ACTIVITY
Would you please transcribe the listing exactly, with no images?

EXERCISE MATERIAL
____

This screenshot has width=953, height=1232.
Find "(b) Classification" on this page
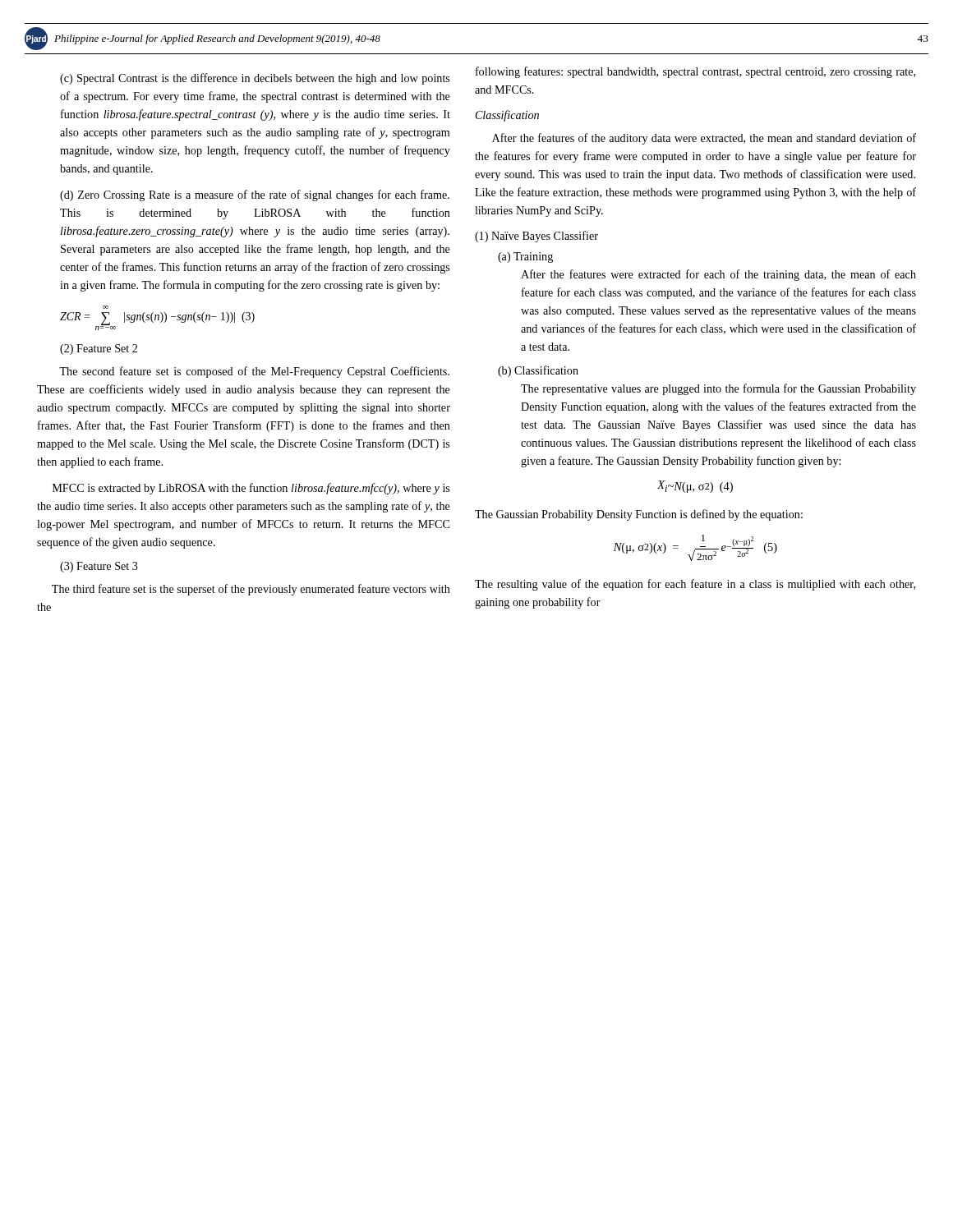click(538, 370)
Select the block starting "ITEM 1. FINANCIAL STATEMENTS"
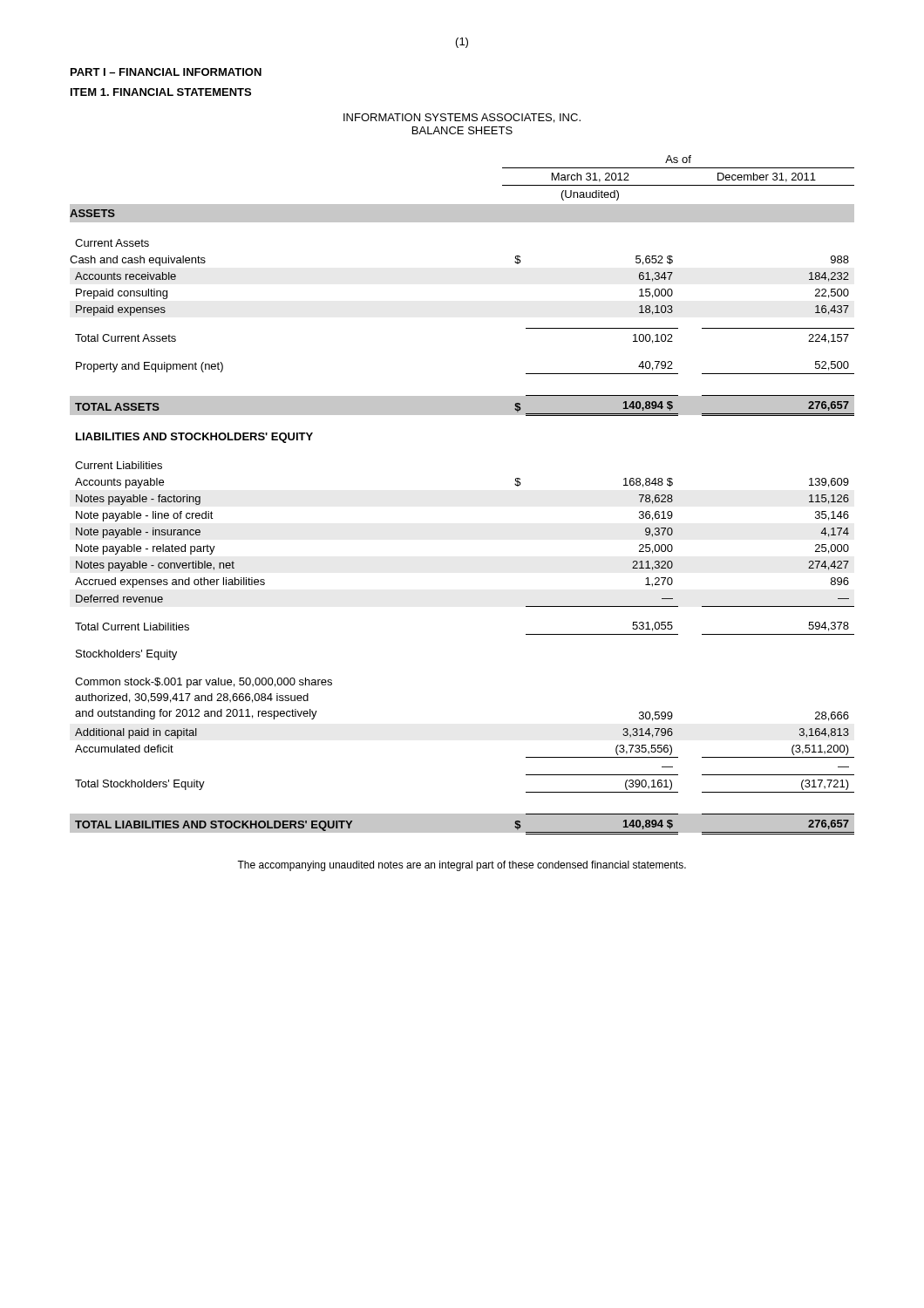The height and width of the screenshot is (1308, 924). [x=161, y=92]
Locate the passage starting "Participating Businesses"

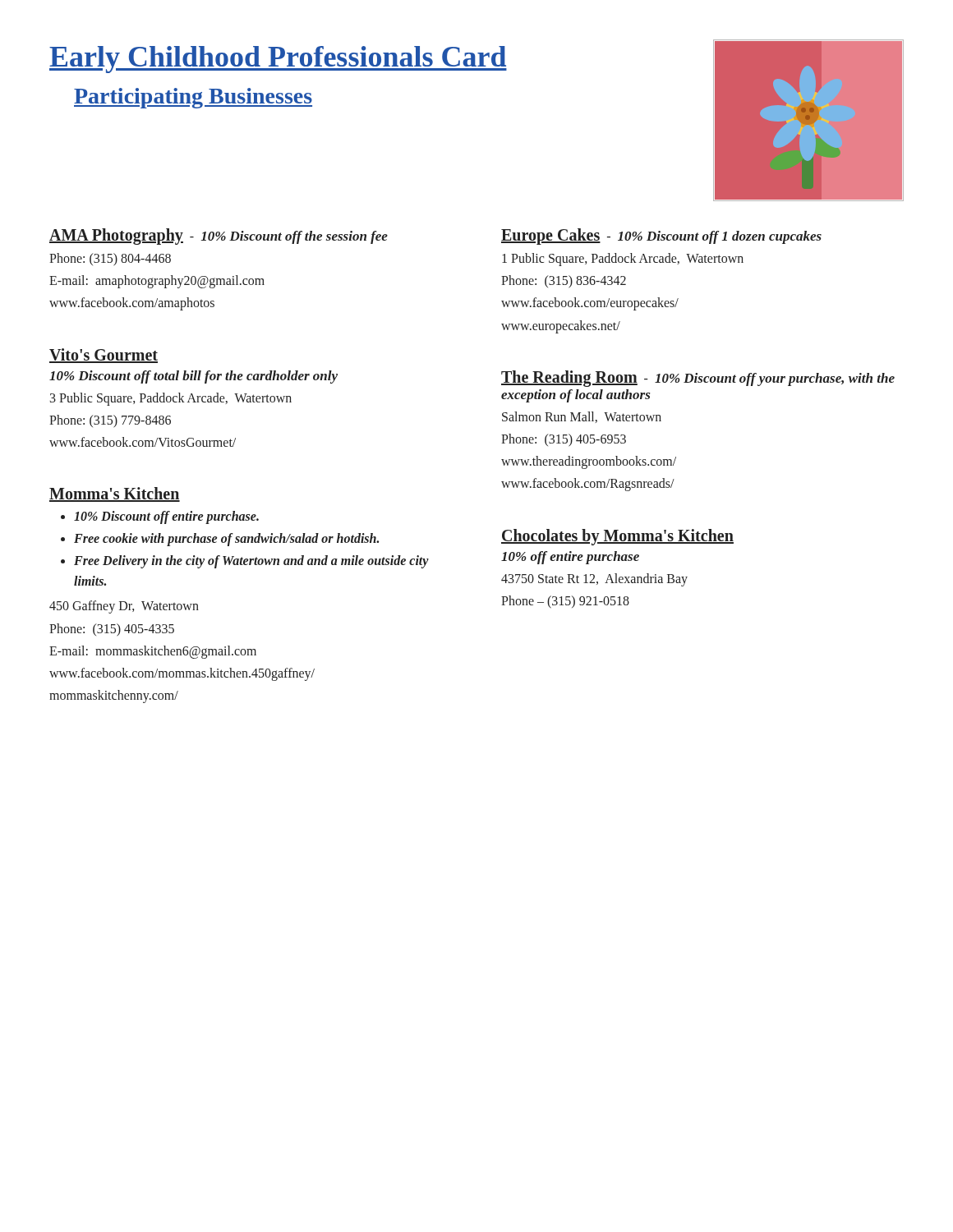[x=193, y=98]
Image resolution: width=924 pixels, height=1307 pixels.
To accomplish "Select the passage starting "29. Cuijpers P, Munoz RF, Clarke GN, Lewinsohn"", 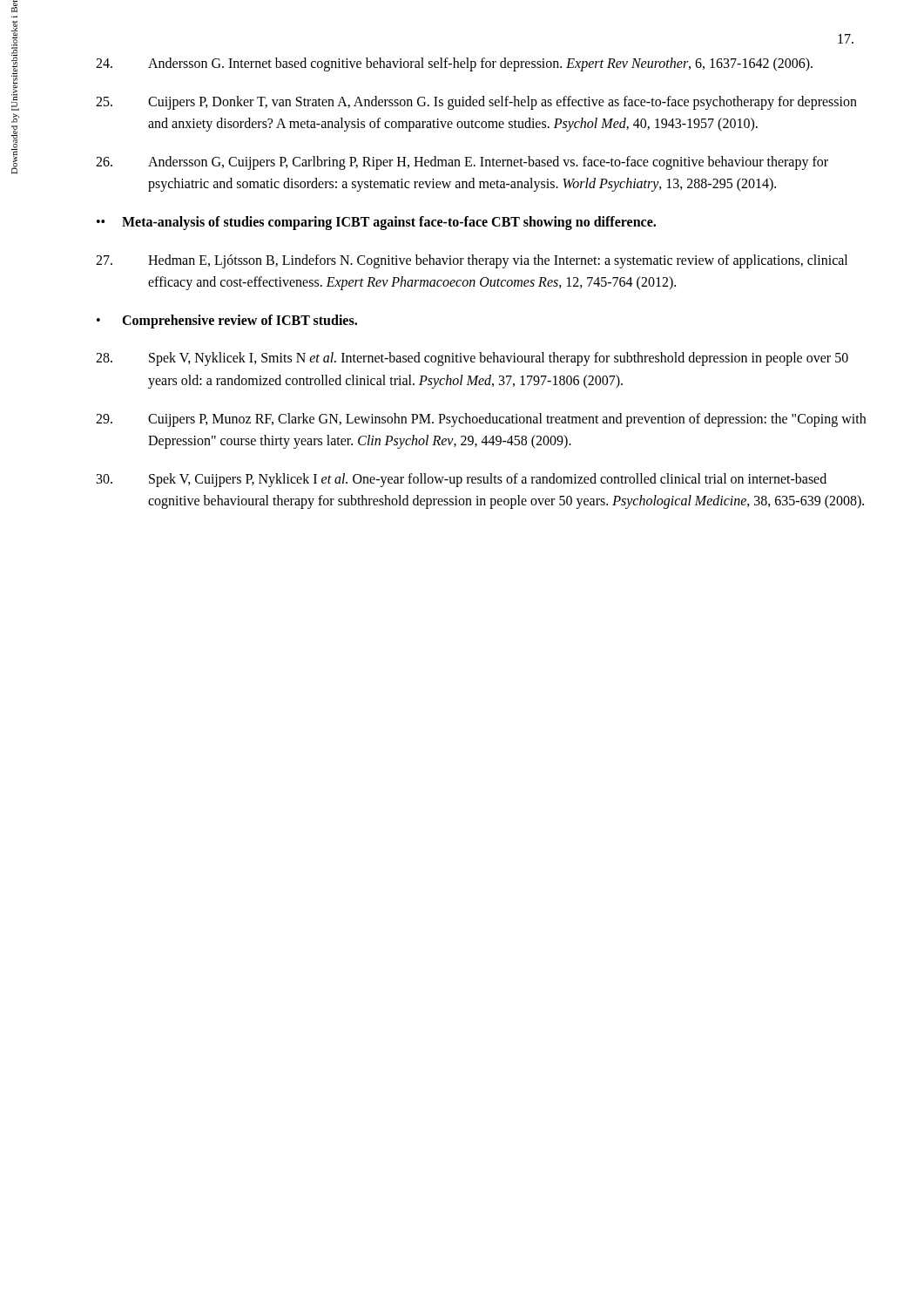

____

ANSWER FOR THIS EXERCISE
This screenshot has width=953, height=1232.
Find "(b) Classification" on this page
click(538, 370)
Select the block starting "ITEM 1. FINANCIAL STATEMENTS"
The height and width of the screenshot is (1308, 924). [x=161, y=92]
Locate the passage starting "Participating Businesses"

[x=193, y=98]
Image resolution: width=924 pixels, height=1307 pixels.
To accomplish "Select the passage starting "29. Cuijpers P, Munoz RF, Clarke GN, Lewinsohn"", 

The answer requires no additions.